Metamorfose giratória
Por Rubens Ricupero
Além de ambulante, é giratória a metamorfose que nos governa. Não será desrespeitoso evocar imagem com a qual o próprio presidente se definiu. Ao criar a expressão, Raul Seixas quis dizer que mudava de posição de vez em quando, de forma sucessiva. Ambulante não serve, contudo, para descrever aquele que tem várias posições conflitantes ao mesmo tempo. Quem atira para todos os lados só pode ser giratório. Ou giróvago, como se dizia outrora.
Haverá exagero em afirmar isso de alguém que convoca reunião ministerial de urgência e anuncia medidas de estardalhaço contra o desmatamento apenas para declarar, dias depois, que tudo não passava de alarde, talvez até de sinistra conspiração estrangeira?!

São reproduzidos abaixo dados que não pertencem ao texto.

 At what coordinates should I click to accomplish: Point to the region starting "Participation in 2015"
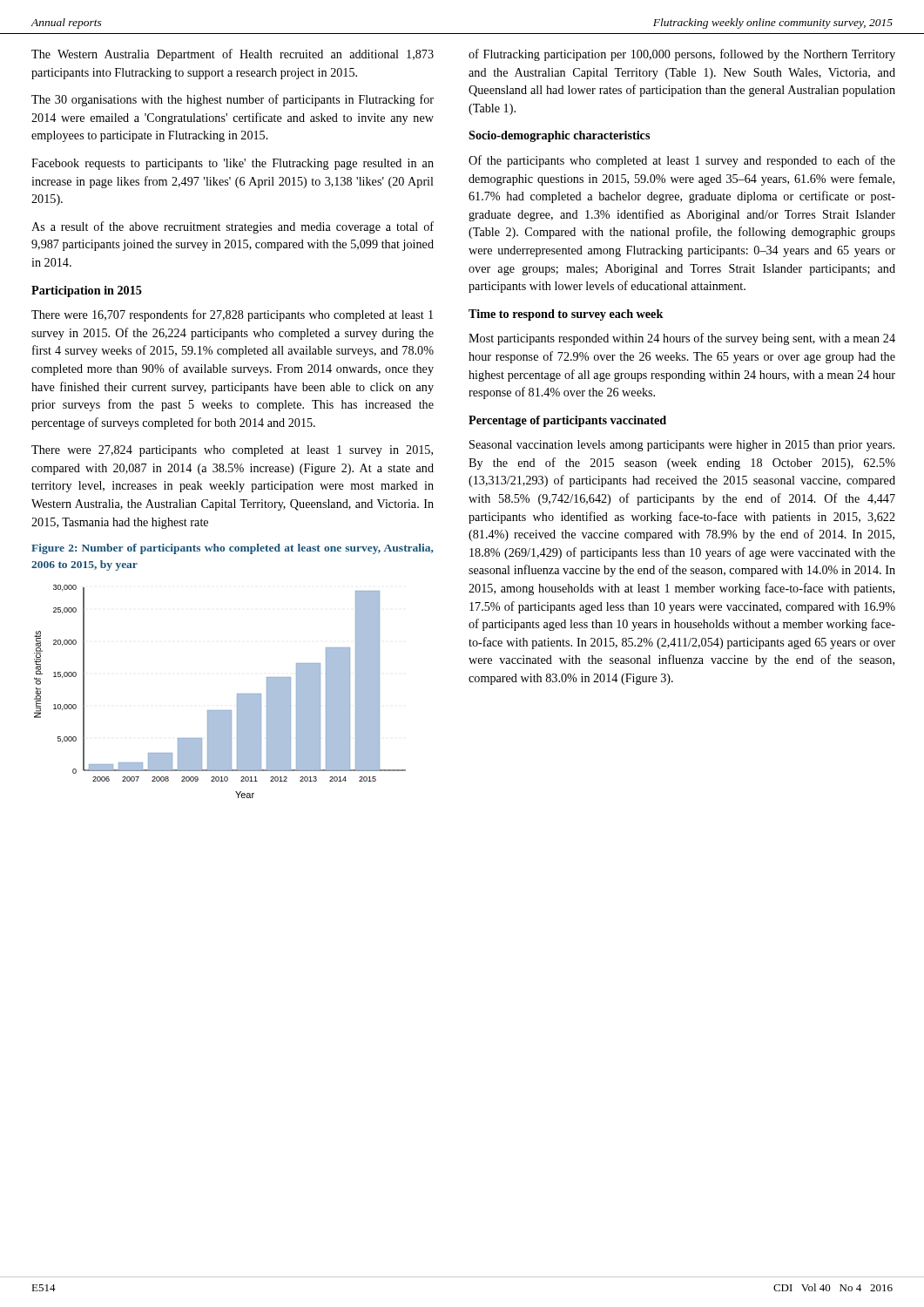click(x=87, y=291)

Como nenhum fato novo ocorreu nesses contados dias, de duas, uma: ou o presidente estava errado então ou erra de modo crasso agora. Com delicioso senso de oportunidade, escolheu para proferir essas espantosas declarações o momento exato em que a ministra do Meio Ambiente se encontrava na região calcinada.
Na mesma hora em que ela advertia os celerados de que a sociedade brasileira não tolera mais a destruição da Amazônia, seu chefe resolvia comprar briga com as ONGs internacionais. É maneira manhosa de insinuar que se opor à devastação é coisa de estrangeiro.
Por falar nisso, alguém deveria informar ao presidente que são as florestas boreais e temperadas as que compensam, até certo ponto, o dano causado pelas emissões de carbono oriundas das queimadas tropicais. O país que mais expande as florestas é hoje os EUA. Portanto, da próxima vez, ele deve mandar as ONGs plantar batatas ou bananas, pois árvores elas já estão plantando.
O trágico nessa tragicomédia é que se tira assim o tapete debaixo dos pés da ministra. Quem levará a sério as ameaças de cortar o crédito, pôr na lista negra os municípios criminosos, enviar o Exército ou a Polícia Federal quando o próprio chefe de Estado faz pouco do problema?
Esse é o nó da questão. Ao girar como cata-vento ao sabor das emoções ou da influência do último interlocutor, o presidente desautoriza e enfraquece a sua ministra. Como só ele pode definir orientação unificada entre posições contrastantes, ao agir de modo contraditório indica que a preocupação com a Amazônia ou o ambiente não é política nacional de governo, apenas de uma pasta ou de ativistas pitorescos.
Embora pareça dura, a interpretação do giroscópio é ainda a mais generosa das duas possíveis. A outra, que suspeito verdadeira, é que ele não mudou de opinião coisa nenhuma. Seu coração nunca esteve com a ministra. Bate em uníssono com o do devastador-mor, o governador de Mato Grosso. Não está longe dos trogloditas fardados ou não que declaravam: "É a pata do boi que vai conquistar a Amazônia". Só não o proclama com a mesma contundência porque o fundo demagógico lhe aconselha a não alienar por completo o respeito dos que reverenciam a vida e a natureza.
O mau exemplo vem de cima. Por isso é que nos encontramos neste lastimoso estado. No próximo dia 6, se o Carnaval deixar, comemora-se o quarto centenário do nascimento do padre Antonio Vieira. Como para tudo o mais, cabe aqui também uma citação do jesuíta: "Dizem que os que governam são espelho da República: não é assim, senão ao contrário. A República é o espelho dos que a governam".